Tant de fois ! Avant de déménager au Belize, nous avions un projet en tête et nous sommes arrivés avec un plan d'affaires bien établi. Nous avons ainsi présenté une offre incluant 17 000 $US sur un compte bloqué (10%, comme c'est la pratique courante ici). Nous n'avons cependant pas pu compléter cet achat et, donc, nous avons perdu toute la somme. Nous étions totalement dévastés ! Avec un peu de recul, nous avons pu remonter la pente graduellement. Nous avons, par la suite, eu d'autres idées, mais le manque de financement était un obstacle de taille. C'est assez frustrant, mais je préfère toujours être ici qu'ailleurs.

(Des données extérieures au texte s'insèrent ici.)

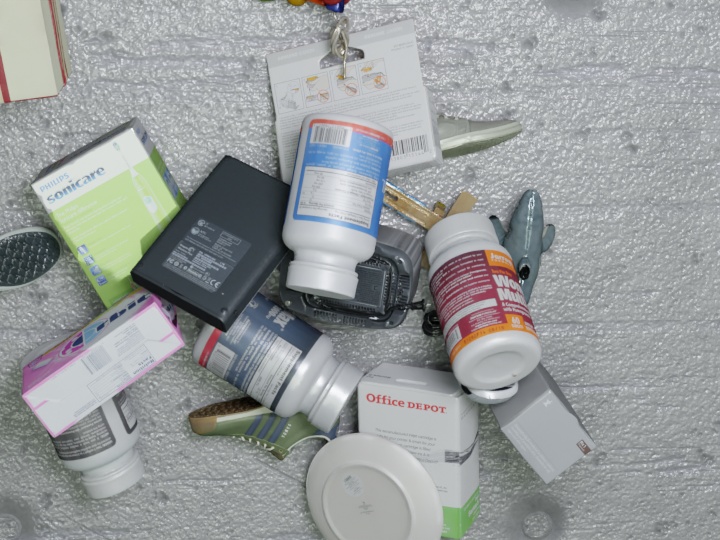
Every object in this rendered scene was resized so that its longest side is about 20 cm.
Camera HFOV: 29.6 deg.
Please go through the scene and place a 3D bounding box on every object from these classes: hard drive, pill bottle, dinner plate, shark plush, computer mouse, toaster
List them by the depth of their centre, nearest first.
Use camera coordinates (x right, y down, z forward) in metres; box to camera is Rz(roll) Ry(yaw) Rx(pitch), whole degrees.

Qu'est-ce qui t'a motivé à écrire ton blog « Solar Super Mom » ?

Comme je l'ai mentionné au début, c’était surtout un moyen pour moi de promouvoir mes activités professionnelles. Par la suite, je me suis rendue compte que ce qui m’intéressait vraiment c’était de partager mon expérience de vie à l’étranger, avec mes enfants, et de donner des conseils à ceux et celles qui souhaiteraient franchir le cap de l'expatriation et venir s'installer au Belize.

Quels conseils donnerais-tu aux futurs expatriés au Belize ?

Mettez un peu d'argent de côté avant de déménager.

N'envisagez même pas l'achat d'un terrain avant d'y avoir vécu au moins une année.

Prenez le temps d'analyser et de comprendre les différences culturelles avant de vous installer au Belize.

N'essayez même pas de comparer le Belize à votre pays d'origine.

Soyez patient et acceptez le fait que le rythme soit plus lent et calme.

Apprenez à comprendre et apprécier la culture et la langue : le « Kriol ». L'apprendre est un plus !

Développez un réseau local pour rechercher de nouvelles idées et opportunités d'affaires. Il n'y a rien de mieux que de se faire aider par un local.

Adoptez l'huile de coco ! C'est utile dans à peu près tout !

Y a-t-il une chose que tu souhaiterais ramener avec toi en quittant le Belize ?

Je ne me vois pas vraiment vivre ailleurs qu'au Belize. Où que je sois, je compte bien préserver ce style de vie décontracté : me déplacer, respirer et manger lentement.